=== Begin Enclosure ===
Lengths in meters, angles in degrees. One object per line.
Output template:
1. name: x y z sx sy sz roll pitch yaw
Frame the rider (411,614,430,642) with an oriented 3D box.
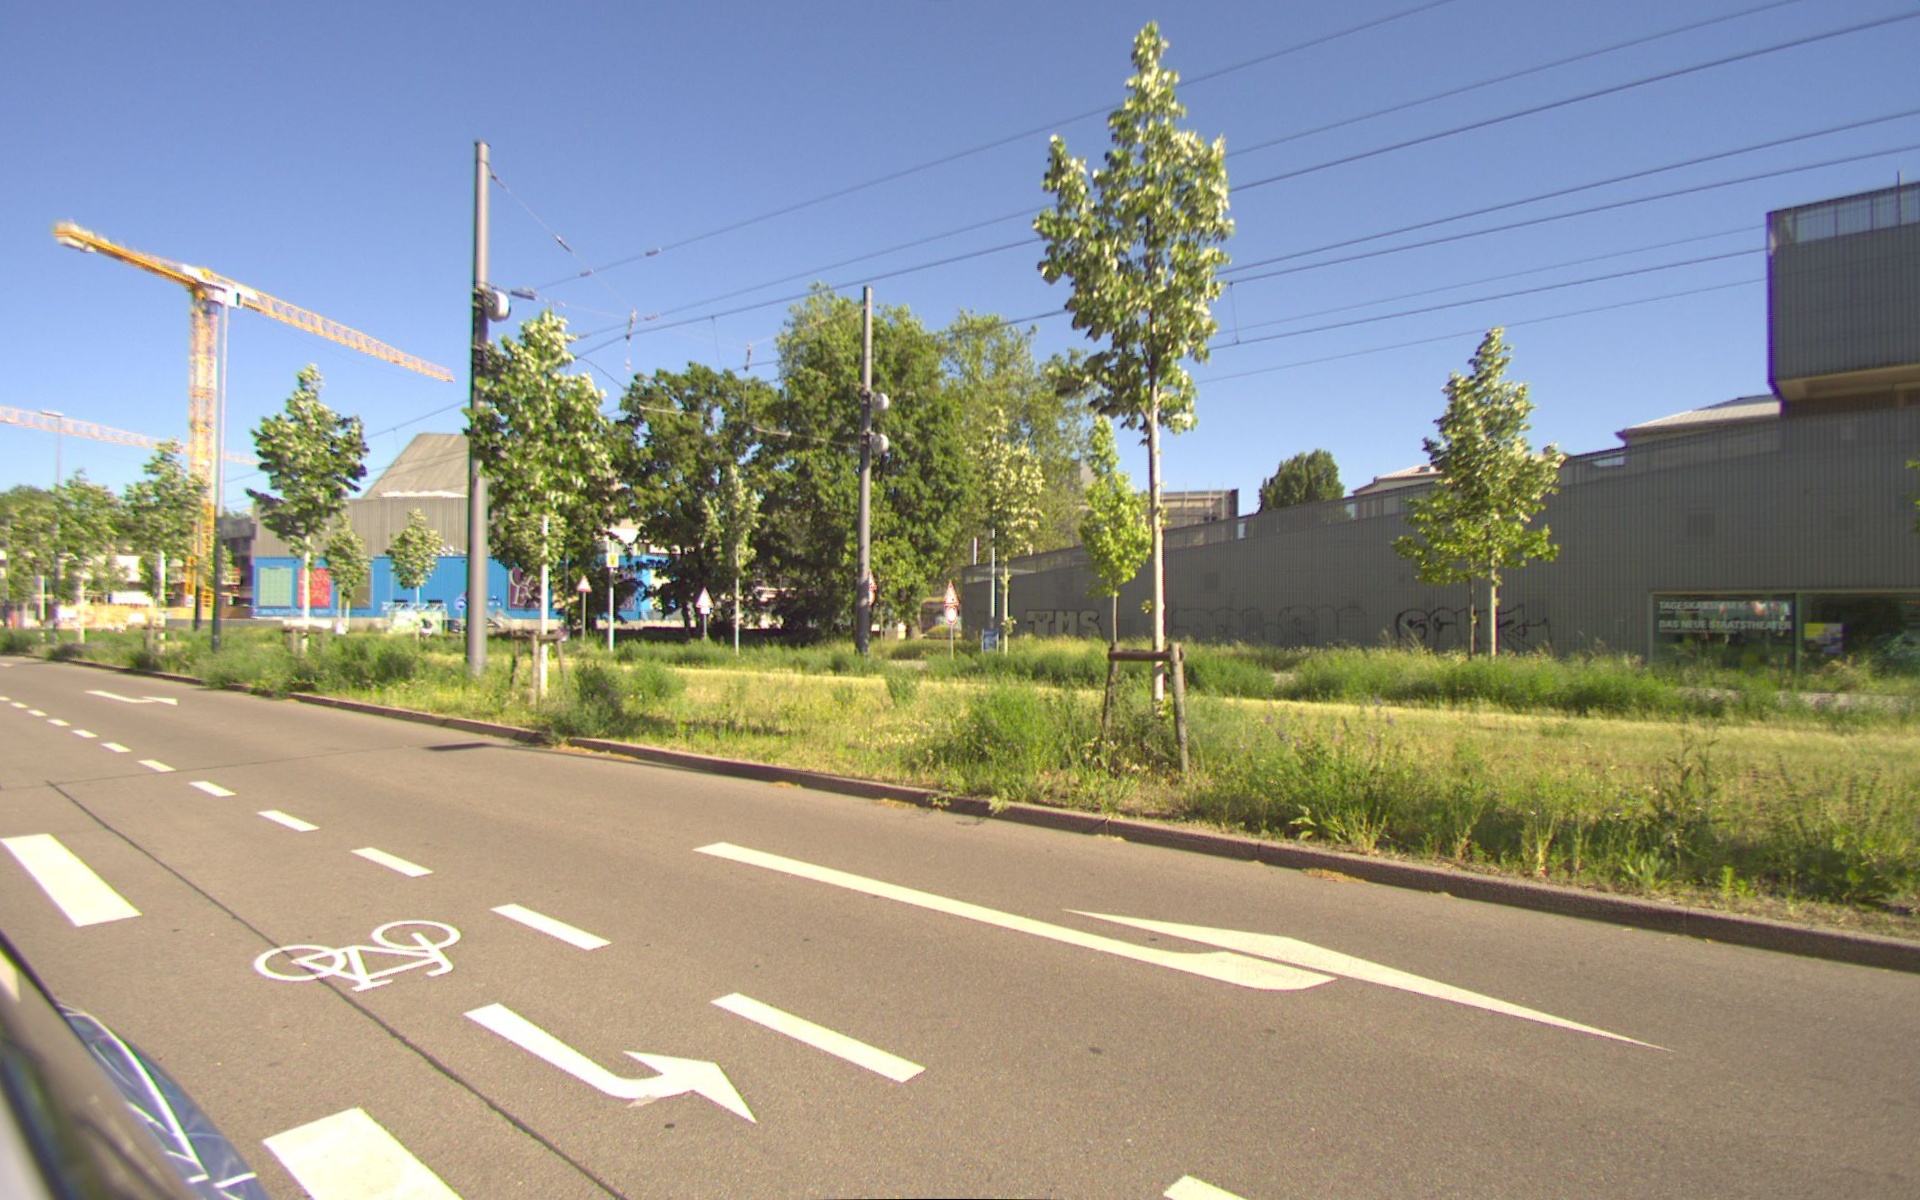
1. rider: -29.273 1.523 54.957 0.631 1.534 0.715 -1 -2 38
=== End Enclosure ===
- Work instructions:
Should the entries hold any pictures, please omit those and print the remaining text exactly.

- Completed task:
Lengths in meters, angles in degrees. One object per line.
Output template:
1. name: x y z sx sy sz roll pitch yaw
Frame the rider (411,614,430,642) with an oriented 3D box.
1. rider: -29.273 1.523 54.957 0.631 1.534 0.715 -1 -2 38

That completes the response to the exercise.